To do this, they first had to identify who had the best Web portal for microbial gene annotation and who had the best system for tracking metadata for genome projects. "From the beginning, it was just defining the core needs of this ambitious project and being aware enough to realize that the most effective and efficient and rapid way to get something off the ground was going to be to reach out to folks at different institutes," she says.
But Wortman, who is also working in collaboration with Stanford University on the Aspergillus genome database project as well as various other collaborative genome projects, knows that that's only half the battle — the tough part is getting all of these sites on the same page. "They're at different time zones and it's a challenge to have that start-up communication," she says. "But it's important to have a number of conference calls and a face-to-face meeting as soon as possible at the beginning of the project, and really a collaborative effort to come up with an overall project plan, in writing, that reflected what we wanted to accomplish in our first year."
The question of whether or not a research project will morph into a large collaboration is usually -quickly determined by an evaluation of local resources and skill sets. In the case of the HMP, all involved were aware that there was going to be a flood of data coming in very quickly.
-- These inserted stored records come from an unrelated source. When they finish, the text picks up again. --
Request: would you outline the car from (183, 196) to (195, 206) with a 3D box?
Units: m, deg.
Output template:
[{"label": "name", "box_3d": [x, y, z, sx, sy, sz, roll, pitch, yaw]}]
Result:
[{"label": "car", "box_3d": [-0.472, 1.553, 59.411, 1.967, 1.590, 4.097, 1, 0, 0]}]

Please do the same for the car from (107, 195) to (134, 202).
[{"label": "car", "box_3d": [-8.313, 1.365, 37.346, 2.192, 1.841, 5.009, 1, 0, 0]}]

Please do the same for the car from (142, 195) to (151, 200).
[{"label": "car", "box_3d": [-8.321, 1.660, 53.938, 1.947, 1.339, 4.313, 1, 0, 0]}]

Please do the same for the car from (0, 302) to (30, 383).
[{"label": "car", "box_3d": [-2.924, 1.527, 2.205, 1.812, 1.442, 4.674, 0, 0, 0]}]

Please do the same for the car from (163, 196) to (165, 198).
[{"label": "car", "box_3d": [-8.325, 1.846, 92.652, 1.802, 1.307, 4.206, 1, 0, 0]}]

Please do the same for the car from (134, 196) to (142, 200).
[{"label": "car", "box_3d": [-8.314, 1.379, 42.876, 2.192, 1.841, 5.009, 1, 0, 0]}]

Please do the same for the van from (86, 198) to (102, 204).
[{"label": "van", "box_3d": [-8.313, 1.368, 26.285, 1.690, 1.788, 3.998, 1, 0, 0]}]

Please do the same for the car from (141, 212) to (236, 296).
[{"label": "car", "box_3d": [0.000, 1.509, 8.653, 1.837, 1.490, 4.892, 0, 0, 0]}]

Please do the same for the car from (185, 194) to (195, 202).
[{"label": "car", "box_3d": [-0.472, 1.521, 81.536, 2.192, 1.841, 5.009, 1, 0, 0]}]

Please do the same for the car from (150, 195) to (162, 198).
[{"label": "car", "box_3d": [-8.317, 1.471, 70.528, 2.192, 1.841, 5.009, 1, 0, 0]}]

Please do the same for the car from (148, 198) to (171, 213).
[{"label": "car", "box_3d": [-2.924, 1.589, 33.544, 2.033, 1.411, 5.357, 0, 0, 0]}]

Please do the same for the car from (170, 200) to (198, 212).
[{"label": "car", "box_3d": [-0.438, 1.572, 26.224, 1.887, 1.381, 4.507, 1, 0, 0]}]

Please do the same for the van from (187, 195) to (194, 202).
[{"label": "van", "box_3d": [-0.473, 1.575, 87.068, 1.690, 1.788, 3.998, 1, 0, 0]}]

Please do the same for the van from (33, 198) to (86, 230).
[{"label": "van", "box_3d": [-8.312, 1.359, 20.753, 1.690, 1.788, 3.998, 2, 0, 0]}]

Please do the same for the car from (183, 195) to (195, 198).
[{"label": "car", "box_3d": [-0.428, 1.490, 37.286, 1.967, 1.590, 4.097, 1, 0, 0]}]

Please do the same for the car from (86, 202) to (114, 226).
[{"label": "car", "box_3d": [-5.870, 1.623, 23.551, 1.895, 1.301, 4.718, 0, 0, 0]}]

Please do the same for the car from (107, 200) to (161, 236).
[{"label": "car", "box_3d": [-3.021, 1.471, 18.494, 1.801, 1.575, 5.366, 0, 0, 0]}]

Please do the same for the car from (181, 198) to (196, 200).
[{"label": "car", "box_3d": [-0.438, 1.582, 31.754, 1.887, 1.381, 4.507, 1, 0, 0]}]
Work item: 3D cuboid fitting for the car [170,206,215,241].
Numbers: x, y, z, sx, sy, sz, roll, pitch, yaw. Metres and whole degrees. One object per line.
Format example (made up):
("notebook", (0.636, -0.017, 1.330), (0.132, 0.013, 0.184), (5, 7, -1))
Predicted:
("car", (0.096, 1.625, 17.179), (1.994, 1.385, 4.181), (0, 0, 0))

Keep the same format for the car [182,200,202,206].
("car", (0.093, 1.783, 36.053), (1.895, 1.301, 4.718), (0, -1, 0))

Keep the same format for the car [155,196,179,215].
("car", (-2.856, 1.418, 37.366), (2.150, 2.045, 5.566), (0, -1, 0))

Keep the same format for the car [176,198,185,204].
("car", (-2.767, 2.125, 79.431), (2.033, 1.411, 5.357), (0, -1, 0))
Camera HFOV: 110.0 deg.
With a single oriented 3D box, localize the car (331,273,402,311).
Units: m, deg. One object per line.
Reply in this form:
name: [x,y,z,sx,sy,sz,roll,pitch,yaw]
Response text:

They knew they had to reach out to other institutes for informatics help or pare down the resources that the DACC needed for the HMP to really get a bang out of its buck. "The answer to that was we need to do leverage existing systems, identify the best existing systems to fulfill these needs, and try to leverage them on startup. … They can evolve during the course of the project to meet project-specific needs, but the idea is for the start-up to be as rapid as possible and to have a network of collaborators that have complimentary strengths and resources that can really be brought to bear if that happens," Wortman says.
It may sound like a no-brainer, but when it comes to successfully managing any collaboration, communication is key and, if at all possible, there should be at least one individual involved in the project whose sole responsibility is making sure that wires do not get crossed. "You just can't underestimate the importance of constant [one-on-one] communication and communication using different methods," Wortman says. "Some people do better on the phone, some people with instant messenger, some do better with e-mail, so [it's important to combine]those communication methods and having Web conferences followed up by written minutes followed up by written project plans. You can't communicate too much."
NHGRI's Garges agrees that keeping an open line of communication going at all times is essential for a collaboration of this size. She is also in the position of being one of the only people associated with the HMP whose sole job is to help oversee the project. "There's a good communication system already going and the major way information is conveyed is through teleconferences that the individual working groups within the HMP have usually on a weekly basis," she says. "I get to hear the weekly update on what is happening, so communication is key to bringing the group together ... and the DACC really serves as a centering group within the HMP."